Includes: AIG, C, FNMA, LEH, SPY
by: The Housing Time Bomb

You gotta wonder if the longs experienced a little bit of this Tuesday as September arrived. As most of you know, last September was when the market began its unprecedented fall as it ended the year losing about half of its value.

As I watched CNBC Tuesday, I couldn't help but notice how uneasy the talking heads looked as the market plunged nearly 200 points. I had to laugh because everyone that I saw on the financial networks looked like they had seen a ghost as Mr. Market tanked in a matter of minutes after more "good news" was announced via the PMI.

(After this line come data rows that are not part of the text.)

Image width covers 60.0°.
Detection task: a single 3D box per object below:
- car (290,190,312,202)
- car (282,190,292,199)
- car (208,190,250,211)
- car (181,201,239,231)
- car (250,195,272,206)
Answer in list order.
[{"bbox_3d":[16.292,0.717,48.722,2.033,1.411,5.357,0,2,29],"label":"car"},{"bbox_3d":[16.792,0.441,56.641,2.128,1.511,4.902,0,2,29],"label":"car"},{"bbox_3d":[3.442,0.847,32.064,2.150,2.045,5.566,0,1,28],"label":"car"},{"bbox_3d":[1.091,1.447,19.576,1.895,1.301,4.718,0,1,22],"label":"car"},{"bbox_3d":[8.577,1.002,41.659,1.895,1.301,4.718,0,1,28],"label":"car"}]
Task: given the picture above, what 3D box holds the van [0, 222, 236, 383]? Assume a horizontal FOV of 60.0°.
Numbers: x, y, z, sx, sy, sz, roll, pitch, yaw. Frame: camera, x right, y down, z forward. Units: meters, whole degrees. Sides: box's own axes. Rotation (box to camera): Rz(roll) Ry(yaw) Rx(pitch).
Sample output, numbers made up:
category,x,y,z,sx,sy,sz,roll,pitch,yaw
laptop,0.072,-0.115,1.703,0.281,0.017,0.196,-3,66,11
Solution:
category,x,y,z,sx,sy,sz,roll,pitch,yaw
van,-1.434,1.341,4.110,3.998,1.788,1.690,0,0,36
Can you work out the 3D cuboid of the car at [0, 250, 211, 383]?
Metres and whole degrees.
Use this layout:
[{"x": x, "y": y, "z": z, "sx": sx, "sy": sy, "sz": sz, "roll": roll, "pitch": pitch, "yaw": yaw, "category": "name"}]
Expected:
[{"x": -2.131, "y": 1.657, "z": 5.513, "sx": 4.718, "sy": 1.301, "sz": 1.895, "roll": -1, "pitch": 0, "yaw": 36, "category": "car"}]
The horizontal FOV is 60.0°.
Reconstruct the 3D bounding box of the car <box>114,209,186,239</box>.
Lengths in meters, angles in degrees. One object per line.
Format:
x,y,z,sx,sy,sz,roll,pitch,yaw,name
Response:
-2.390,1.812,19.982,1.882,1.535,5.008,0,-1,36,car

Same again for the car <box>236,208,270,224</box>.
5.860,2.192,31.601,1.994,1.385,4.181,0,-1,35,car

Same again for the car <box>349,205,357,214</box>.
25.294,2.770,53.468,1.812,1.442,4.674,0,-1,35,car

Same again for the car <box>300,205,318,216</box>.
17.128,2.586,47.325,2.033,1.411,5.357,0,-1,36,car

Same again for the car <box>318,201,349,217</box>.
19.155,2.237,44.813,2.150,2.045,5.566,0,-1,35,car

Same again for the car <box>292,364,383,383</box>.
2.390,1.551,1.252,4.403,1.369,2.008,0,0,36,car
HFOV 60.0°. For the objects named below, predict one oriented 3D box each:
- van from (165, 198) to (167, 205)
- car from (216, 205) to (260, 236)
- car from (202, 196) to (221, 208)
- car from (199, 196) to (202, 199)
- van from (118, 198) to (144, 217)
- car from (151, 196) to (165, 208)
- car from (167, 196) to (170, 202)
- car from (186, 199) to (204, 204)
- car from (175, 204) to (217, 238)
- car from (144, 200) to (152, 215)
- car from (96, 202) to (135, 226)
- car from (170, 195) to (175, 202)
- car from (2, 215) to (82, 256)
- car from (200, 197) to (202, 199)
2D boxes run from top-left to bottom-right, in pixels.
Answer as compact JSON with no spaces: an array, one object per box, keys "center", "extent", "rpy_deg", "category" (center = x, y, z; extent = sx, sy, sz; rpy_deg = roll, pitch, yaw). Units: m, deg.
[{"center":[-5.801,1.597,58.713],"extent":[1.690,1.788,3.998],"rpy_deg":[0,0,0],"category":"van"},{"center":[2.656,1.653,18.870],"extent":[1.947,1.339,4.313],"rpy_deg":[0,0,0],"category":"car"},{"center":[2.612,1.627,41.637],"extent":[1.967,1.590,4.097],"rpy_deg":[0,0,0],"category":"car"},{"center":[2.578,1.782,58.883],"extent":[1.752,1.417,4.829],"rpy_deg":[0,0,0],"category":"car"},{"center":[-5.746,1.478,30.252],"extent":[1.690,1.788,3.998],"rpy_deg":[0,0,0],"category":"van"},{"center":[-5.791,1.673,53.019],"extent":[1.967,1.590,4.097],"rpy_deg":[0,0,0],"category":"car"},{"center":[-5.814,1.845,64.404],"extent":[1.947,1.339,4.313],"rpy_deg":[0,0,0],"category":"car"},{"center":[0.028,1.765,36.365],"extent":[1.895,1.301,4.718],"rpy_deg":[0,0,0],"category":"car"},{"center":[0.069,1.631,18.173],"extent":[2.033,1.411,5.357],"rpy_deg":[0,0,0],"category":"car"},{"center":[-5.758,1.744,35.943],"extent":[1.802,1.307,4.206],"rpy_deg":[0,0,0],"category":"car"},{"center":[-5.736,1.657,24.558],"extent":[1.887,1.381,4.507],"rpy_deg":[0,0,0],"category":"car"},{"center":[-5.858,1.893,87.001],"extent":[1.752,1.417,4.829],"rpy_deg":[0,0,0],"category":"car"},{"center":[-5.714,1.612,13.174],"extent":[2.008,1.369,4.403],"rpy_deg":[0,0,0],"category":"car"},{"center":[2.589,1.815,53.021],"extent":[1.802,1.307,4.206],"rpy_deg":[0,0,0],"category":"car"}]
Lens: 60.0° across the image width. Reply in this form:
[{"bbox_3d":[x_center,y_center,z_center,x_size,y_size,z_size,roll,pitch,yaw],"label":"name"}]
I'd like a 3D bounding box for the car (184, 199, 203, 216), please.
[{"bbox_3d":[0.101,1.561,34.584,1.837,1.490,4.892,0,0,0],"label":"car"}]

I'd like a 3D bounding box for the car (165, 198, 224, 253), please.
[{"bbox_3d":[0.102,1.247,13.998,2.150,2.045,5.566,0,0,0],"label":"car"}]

The fact that the sell off pretty much came out of nowhere had to rekindle thoughts around the nightmare of last Sept/Oct. I bet there was a lot of Paxil popping during the commercial breaks on CNBC. The bulls must be asking themselves: " Green shoots and the market still went boom? Whats going on?".

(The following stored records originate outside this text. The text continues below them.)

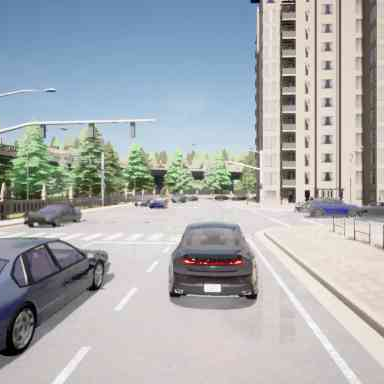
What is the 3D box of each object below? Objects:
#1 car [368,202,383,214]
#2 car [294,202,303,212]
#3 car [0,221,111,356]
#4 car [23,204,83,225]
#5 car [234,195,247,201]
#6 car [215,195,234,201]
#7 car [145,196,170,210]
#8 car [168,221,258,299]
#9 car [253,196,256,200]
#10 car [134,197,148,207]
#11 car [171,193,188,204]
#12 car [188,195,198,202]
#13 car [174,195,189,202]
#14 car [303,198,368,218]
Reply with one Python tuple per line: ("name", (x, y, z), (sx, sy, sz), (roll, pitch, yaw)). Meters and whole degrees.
("car", (18.355, 1.656, 33.188), (4.718, 1.301, 1.895), (0, 0, 3))
("car", (13.756, 1.407, 36.988), (4.553, 1.767, 2.097), (0, 0, 5))
("car", (-3.138, 1.547, 6.033), (2.033, 1.411, 5.357), (0, 0, 4))
("car", (-9.222, 1.547, 22.646), (2.033, 1.411, 5.357), (0, 0, 4))
("car", (12.001, 1.525, 82.316), (4.902, 1.511, 2.128), (0, 0, -43))
("car", (7.611, 1.500, 82.703), (1.837, 1.490, 4.892), (0, 0, 43))
("car", (-4.354, 1.601, 43.471), (1.895, 1.301, 4.718), (0, 0, 4))
("car", (0.546, 1.505, 8.488), (1.837, 1.490, 4.892), (0, 0, 4))
("car", (18.878, 1.524, 91.019), (4.674, 1.442, 1.812), (0, 0, -20))
("car", (-7.410, 1.491, 50.245), (2.128, 1.511, 4.902), (0, 0, 4))
("car", (-2.680, 1.223, 65.972), (2.150, 2.045, 5.566), (0, 0, 6))
("car", (-0.108, 1.525, 76.810), (2.128, 1.511, 4.902), (0, 0, 20))
("car", (-2.472, 1.552, 80.011), (1.994, 1.385, 4.181), (0, 0, 24))
("car", (12.758, 1.407, 29.859), (4.553, 1.767, 2.097), (0, 0, 4))
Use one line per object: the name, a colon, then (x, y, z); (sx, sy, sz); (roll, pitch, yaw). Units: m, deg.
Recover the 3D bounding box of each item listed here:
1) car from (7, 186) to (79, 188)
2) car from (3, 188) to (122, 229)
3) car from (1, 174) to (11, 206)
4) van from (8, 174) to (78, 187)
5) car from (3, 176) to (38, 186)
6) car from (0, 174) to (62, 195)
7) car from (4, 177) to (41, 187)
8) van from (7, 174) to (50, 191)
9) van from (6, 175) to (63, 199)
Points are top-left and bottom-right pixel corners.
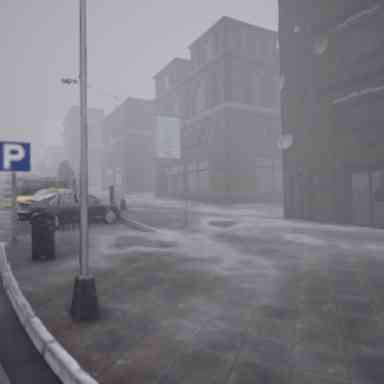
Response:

Folks, when the bulls are all in, you often see large moves to the downside when there there are no shorts left underneath the market to stop it from dropping.

Last year, the sell offs were usually triggered by some horrific event like a Lehman (LEH) bankruptcy or a much larger jump in the unemployment rate.

I think what we saw Tuesday was simply an exhaustion of buying. Most of the longs that are responsible for this bounce are mostly traders. Many of them are professionals and just trade the sentiment/momentum. They know all too well that going long AIG (NYSE:AIG) makes no fundamental sense. They don't care because the trend is the trend.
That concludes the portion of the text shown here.